Рекламное объявление, предваряющее «Круглый стол», в котором содержится намек, доставивший Вам «несколько веселых ощущений», гласило так.—
«Следующая работа несколько не дотягивает до своего названия и первоначального намерения. Моим другом мистером Хантом было предложено опубликовать серию статей в «Экзаминере» в манере ранних периодических эссеистов, «Спектейтора» и «Татлера». Эти статьи должны были быть написаны различными лицами на разнообразные темы; и мистер Хант, как редактор, должен был взять на себя характерную или драматическую часть работы. Я обязался предоставлять случайные эссе и критические статьи; один или два других друга обещали свою помощь; но суть работы должна была быть разнообразной. Следующим делом было выбрать для нее название. После долгих сомнительных консультаций было решено остановиться на «Круглом столе», как наиболее описывающем ее характер и замысел. Но наш план был едва устроен и начат, как Бонапарт высадился во Фрежюсе, et voila la Table Ronde dissoute. Наш маленький Конгресс был распущен, как и большой. Политика отвлекла внимание редактора от belles lettres; и задача продолжения работы легла главным образом на человека, который был наименее способен вдохнуть жизнь и дух в первоначальный замысел.

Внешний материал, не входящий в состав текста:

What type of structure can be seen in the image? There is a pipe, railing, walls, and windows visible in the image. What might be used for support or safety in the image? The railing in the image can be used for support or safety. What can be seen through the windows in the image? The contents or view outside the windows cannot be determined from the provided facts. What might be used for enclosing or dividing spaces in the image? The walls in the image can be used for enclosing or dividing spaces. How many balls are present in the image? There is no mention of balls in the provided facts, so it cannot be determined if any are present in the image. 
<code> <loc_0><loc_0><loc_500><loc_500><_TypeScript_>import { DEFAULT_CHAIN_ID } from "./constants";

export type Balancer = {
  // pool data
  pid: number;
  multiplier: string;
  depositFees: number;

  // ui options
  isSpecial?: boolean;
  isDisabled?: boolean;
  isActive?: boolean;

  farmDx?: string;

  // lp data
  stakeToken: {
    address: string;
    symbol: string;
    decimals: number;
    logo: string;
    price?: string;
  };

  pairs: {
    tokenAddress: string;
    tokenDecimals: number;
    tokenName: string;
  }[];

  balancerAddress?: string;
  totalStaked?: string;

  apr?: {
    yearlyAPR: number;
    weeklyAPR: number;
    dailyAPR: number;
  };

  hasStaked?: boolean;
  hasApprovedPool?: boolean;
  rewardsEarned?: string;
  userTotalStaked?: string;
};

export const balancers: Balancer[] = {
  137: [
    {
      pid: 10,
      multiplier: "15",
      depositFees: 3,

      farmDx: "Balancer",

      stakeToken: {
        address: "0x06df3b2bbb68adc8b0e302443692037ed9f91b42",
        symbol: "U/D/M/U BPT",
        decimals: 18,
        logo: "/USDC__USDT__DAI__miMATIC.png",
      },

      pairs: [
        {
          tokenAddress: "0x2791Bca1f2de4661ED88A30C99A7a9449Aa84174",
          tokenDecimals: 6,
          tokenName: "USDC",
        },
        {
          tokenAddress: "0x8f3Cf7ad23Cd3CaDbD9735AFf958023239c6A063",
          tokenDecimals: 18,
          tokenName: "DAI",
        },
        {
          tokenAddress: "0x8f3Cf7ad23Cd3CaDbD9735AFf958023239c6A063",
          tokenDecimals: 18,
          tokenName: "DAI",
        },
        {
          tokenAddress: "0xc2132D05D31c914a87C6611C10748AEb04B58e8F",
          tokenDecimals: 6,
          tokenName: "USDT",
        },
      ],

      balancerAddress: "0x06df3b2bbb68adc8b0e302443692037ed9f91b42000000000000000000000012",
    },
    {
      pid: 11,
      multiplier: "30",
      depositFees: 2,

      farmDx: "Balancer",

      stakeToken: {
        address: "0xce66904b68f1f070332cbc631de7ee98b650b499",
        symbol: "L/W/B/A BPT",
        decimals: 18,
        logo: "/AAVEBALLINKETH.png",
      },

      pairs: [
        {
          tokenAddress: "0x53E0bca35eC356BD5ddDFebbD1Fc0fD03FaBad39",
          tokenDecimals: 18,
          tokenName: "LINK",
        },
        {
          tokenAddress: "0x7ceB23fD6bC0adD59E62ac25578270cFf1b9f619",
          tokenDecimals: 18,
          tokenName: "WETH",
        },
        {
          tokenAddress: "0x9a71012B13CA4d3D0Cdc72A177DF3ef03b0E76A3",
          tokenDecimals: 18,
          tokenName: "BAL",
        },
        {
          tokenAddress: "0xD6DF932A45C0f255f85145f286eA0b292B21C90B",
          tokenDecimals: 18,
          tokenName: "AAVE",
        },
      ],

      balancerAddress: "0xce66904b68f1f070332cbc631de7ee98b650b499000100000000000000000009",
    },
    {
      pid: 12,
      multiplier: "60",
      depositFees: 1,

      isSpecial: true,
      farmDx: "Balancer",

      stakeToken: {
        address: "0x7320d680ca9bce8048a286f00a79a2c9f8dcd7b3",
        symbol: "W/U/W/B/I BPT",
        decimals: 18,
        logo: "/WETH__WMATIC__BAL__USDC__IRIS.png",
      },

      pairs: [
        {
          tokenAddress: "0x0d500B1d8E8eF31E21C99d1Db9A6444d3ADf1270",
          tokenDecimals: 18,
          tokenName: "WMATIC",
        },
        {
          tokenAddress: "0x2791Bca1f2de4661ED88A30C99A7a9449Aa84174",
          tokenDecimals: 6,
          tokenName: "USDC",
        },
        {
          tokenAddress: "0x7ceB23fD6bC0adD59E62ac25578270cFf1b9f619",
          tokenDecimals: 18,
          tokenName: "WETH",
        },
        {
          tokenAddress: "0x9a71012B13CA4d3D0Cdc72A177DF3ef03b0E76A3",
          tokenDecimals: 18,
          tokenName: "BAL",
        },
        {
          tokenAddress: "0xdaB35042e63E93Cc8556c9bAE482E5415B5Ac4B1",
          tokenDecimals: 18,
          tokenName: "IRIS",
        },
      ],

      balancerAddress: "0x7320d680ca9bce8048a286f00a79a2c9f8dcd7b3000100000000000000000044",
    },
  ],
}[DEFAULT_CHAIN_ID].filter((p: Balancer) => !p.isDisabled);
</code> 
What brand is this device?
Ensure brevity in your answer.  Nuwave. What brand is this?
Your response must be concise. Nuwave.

Нехватка разнообразия в темах и способе их трактовки — это, пожалуй, наименьшее неудобство, вытекающее из этого обстоятельства. Все статьи в двух томах, предлагаемых здесь публике, были написаны мной и мистером Хантом, за исключением письма, переданного другом в шестнадцатом номере. Из пятидесяти двух номеров двенадцать принадлежат мистеру Ханту, с подписями L. H. или H. T. За все остальное я несу ответственность. У. Хэзлитт.»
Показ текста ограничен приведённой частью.